> _Your assignment_
Please state how many lines in the records below contain the word "order"; the number alone is the answer.
★ ★ ★ ★ ★
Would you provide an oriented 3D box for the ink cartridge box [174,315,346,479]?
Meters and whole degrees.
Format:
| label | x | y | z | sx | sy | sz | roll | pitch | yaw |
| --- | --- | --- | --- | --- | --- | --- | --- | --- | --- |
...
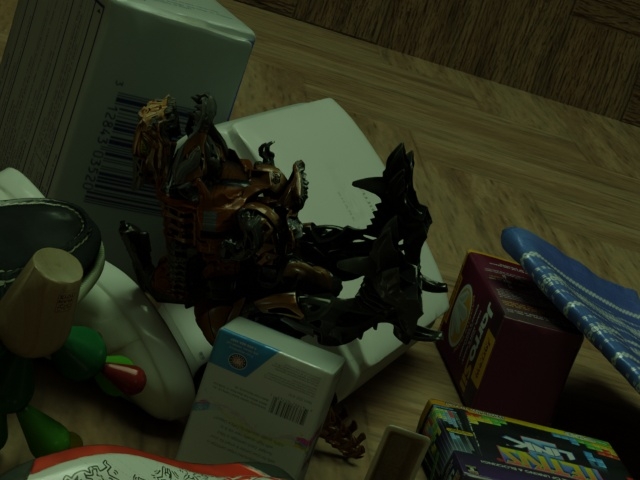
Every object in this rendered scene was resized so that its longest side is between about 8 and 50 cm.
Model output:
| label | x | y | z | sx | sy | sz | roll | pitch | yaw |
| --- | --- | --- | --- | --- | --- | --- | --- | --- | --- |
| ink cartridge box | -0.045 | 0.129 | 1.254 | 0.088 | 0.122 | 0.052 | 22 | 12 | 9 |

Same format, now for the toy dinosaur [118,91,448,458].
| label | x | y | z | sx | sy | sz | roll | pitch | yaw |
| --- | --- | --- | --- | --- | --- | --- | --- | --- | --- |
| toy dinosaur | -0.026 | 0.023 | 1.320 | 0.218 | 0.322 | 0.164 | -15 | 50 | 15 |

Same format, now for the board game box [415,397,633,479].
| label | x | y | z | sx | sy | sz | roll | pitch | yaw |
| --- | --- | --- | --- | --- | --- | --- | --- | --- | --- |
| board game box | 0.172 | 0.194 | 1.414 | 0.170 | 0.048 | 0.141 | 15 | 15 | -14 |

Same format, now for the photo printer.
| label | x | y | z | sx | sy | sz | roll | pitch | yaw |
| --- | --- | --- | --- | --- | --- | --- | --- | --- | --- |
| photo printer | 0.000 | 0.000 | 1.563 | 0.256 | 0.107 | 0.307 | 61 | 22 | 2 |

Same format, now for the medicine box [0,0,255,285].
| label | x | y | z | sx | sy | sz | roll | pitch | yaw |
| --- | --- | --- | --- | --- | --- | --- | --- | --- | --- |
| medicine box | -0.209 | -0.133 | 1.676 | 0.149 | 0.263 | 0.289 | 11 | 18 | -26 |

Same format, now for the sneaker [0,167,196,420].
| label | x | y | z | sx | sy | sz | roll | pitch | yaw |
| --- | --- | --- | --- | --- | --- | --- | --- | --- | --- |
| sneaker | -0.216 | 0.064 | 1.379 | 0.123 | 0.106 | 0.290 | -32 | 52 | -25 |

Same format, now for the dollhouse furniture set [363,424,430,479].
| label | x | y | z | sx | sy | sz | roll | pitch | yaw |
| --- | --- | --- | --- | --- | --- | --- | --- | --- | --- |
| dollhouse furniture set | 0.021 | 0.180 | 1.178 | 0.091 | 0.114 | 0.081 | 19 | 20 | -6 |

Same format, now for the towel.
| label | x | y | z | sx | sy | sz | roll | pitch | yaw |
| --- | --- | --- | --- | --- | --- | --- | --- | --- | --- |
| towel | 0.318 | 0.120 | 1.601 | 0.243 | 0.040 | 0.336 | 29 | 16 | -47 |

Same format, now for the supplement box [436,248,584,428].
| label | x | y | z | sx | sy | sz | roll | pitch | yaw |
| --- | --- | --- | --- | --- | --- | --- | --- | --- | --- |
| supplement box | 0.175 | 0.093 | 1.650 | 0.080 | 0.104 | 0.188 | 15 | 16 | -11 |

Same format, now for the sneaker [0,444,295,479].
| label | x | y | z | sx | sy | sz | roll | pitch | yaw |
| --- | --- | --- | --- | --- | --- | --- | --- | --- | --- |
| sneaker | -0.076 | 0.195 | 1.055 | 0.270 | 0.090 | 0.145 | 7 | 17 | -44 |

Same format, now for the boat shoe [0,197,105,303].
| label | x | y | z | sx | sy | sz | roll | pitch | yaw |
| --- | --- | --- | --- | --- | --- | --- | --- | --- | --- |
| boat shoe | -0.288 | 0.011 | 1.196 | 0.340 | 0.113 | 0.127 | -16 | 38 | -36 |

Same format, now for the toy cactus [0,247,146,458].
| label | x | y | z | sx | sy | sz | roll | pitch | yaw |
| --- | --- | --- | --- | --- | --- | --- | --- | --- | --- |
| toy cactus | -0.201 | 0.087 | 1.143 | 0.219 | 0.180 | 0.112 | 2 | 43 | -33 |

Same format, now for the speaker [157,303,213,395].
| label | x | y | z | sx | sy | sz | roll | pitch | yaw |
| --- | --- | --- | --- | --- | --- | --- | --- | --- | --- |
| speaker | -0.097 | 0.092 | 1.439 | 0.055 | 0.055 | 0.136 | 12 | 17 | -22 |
★ ★ ★ ★ ★
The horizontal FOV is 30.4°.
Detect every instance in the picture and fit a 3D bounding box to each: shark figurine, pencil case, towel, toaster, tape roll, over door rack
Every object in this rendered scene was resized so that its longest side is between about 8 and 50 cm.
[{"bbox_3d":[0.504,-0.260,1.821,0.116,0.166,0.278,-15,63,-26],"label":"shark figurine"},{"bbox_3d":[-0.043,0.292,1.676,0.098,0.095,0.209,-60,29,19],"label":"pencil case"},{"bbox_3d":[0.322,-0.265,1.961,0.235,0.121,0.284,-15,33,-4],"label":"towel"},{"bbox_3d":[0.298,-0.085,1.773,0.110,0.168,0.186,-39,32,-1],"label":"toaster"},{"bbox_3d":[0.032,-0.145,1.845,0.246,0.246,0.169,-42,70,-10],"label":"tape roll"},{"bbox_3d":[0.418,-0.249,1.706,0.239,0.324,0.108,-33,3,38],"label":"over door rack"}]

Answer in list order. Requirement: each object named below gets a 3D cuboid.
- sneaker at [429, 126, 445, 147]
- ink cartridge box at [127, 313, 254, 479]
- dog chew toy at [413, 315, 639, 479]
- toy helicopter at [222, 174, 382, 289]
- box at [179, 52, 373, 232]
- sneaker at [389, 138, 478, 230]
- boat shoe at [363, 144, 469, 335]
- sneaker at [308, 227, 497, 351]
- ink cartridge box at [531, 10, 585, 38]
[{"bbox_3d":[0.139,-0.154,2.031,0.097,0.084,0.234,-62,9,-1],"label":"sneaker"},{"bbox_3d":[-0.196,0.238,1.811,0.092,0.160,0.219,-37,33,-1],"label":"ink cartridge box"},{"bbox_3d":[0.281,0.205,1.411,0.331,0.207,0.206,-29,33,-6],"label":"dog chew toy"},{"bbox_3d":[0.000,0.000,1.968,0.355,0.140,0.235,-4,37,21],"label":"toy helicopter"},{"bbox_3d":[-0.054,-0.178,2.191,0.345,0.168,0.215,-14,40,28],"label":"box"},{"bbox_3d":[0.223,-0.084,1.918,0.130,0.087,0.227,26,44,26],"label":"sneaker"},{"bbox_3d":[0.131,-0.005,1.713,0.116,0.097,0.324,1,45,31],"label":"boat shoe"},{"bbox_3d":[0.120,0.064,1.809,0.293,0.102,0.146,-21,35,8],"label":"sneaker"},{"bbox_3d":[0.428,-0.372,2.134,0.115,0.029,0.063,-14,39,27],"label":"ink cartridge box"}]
★ ★ ★ ★ ★
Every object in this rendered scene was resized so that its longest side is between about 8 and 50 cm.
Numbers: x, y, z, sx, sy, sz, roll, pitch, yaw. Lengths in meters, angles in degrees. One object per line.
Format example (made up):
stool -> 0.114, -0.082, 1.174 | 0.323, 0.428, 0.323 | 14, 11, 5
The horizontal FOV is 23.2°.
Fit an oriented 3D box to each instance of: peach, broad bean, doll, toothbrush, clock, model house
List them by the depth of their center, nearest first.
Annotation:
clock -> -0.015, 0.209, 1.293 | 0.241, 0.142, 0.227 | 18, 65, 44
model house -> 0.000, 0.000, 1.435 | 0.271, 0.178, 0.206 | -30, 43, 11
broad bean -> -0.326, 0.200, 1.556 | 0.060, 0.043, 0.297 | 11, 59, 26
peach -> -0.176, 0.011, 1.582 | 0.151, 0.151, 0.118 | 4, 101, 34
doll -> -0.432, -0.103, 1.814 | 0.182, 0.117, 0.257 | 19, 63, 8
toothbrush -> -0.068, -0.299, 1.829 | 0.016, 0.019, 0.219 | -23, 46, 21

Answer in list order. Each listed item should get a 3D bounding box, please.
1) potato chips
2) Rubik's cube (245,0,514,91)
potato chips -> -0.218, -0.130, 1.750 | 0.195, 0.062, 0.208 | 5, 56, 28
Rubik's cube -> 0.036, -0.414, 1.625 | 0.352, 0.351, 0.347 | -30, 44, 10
★ ★ ★ ★ ★
> _Result below_
2